▸ **Work task**
Every line with "values" in it must be copied from the data.

..............................

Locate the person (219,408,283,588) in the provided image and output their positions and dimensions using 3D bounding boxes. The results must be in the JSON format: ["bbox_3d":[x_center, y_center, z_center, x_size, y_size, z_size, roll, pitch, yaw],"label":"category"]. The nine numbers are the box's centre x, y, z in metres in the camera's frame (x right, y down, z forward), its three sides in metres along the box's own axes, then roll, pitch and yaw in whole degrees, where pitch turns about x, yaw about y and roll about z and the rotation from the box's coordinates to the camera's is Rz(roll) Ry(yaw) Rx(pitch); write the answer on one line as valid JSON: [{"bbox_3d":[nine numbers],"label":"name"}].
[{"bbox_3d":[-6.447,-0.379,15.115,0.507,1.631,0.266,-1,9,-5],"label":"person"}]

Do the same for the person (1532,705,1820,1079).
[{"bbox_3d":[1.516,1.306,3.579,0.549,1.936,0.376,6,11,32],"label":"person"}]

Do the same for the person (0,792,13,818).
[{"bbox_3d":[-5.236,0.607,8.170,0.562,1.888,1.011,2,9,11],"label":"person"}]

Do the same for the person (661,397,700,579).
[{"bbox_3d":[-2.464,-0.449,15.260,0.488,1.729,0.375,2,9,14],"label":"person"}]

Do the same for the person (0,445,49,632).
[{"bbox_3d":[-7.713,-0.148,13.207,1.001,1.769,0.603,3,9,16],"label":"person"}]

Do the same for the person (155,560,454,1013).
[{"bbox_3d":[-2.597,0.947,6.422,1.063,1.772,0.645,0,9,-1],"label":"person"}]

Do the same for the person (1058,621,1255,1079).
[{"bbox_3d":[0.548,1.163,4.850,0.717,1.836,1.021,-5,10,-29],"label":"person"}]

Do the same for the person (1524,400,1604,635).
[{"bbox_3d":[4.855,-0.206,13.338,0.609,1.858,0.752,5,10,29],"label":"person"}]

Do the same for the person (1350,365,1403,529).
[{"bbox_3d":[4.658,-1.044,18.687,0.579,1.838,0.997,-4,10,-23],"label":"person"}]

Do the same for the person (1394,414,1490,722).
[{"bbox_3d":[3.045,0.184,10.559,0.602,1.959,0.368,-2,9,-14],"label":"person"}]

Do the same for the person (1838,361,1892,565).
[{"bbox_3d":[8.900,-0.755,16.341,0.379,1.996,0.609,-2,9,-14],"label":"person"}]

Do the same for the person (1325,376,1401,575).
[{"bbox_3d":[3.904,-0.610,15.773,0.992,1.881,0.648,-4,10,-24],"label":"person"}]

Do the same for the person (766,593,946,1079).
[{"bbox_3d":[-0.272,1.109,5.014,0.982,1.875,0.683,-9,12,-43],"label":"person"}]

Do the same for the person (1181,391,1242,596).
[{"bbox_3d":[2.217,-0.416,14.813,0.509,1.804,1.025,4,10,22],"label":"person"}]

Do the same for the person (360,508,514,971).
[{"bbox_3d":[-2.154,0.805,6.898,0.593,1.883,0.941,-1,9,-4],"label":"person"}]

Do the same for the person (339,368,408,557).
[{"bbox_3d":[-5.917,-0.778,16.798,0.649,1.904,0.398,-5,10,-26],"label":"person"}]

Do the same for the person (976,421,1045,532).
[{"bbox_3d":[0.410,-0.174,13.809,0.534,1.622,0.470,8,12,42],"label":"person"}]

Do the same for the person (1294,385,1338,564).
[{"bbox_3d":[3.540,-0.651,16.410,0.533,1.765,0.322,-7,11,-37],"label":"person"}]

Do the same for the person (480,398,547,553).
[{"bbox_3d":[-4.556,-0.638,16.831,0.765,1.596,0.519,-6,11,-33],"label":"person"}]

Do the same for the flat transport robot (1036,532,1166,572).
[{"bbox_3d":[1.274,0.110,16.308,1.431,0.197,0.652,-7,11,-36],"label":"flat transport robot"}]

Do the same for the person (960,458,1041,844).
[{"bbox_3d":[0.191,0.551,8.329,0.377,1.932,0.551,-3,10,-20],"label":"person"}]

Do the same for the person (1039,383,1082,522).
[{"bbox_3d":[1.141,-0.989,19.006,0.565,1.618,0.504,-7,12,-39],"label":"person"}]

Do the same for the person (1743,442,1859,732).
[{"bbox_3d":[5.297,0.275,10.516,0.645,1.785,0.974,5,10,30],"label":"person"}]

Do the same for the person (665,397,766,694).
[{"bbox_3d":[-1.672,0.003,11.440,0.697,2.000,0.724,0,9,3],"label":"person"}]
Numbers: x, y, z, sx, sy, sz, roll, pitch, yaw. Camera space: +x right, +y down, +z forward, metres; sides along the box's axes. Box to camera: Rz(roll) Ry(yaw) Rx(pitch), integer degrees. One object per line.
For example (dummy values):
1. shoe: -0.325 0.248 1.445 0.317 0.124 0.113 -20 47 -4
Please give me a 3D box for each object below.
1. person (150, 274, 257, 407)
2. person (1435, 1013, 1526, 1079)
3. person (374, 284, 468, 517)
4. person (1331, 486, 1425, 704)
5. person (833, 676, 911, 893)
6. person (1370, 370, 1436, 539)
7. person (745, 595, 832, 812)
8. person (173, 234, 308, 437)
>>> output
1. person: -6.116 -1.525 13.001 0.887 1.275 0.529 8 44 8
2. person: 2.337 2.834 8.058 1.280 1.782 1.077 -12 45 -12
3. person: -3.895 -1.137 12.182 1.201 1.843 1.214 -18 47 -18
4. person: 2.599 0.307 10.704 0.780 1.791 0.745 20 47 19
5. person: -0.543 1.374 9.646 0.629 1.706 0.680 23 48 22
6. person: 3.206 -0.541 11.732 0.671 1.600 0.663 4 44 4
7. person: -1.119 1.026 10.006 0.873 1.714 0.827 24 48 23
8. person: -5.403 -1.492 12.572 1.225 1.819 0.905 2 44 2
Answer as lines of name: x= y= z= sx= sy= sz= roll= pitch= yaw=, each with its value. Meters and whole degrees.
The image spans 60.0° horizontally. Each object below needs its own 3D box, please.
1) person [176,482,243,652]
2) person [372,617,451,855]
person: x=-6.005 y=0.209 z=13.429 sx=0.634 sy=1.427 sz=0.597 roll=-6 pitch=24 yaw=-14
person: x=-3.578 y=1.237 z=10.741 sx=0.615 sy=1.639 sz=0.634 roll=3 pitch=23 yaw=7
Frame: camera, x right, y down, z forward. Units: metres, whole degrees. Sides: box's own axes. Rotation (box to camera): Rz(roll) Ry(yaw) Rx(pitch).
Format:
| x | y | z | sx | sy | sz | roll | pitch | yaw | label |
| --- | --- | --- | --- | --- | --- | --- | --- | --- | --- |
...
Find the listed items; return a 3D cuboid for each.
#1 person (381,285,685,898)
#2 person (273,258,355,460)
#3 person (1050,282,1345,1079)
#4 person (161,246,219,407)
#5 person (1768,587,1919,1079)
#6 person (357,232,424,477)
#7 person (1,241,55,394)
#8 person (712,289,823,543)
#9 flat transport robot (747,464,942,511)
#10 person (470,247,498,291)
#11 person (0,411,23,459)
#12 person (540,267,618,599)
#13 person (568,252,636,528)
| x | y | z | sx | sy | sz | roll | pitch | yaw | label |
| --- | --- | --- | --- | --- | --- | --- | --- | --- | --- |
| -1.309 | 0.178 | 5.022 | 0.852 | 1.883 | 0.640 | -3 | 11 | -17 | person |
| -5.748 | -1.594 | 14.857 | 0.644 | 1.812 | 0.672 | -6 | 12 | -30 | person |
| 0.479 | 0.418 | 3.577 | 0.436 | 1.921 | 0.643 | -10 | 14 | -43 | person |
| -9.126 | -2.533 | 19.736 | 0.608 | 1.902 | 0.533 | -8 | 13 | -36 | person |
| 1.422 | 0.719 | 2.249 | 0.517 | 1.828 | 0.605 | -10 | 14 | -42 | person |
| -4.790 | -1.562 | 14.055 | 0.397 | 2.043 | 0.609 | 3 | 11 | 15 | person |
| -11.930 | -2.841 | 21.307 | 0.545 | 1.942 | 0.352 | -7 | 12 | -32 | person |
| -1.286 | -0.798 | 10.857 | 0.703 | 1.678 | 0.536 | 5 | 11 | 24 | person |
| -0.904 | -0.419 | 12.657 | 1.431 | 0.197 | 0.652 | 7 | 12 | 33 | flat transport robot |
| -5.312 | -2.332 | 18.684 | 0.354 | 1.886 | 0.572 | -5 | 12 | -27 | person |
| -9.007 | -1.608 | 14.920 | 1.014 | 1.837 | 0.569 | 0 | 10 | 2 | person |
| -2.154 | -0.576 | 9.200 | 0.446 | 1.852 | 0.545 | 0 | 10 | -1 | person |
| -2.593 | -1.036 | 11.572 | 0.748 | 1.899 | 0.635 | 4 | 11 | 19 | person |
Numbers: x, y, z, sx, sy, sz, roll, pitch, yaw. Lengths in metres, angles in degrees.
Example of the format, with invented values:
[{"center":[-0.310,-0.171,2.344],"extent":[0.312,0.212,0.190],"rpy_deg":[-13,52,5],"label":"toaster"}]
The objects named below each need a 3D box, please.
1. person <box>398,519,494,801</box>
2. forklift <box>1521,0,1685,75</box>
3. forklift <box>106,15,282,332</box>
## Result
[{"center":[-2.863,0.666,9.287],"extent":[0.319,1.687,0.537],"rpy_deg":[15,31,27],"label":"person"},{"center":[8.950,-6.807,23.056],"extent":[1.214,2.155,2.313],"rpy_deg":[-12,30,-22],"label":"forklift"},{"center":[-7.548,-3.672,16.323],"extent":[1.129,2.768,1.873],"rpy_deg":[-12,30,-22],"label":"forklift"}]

..............................

▸ **Task response**
For example (dummy values):
Example of the format, with invented values:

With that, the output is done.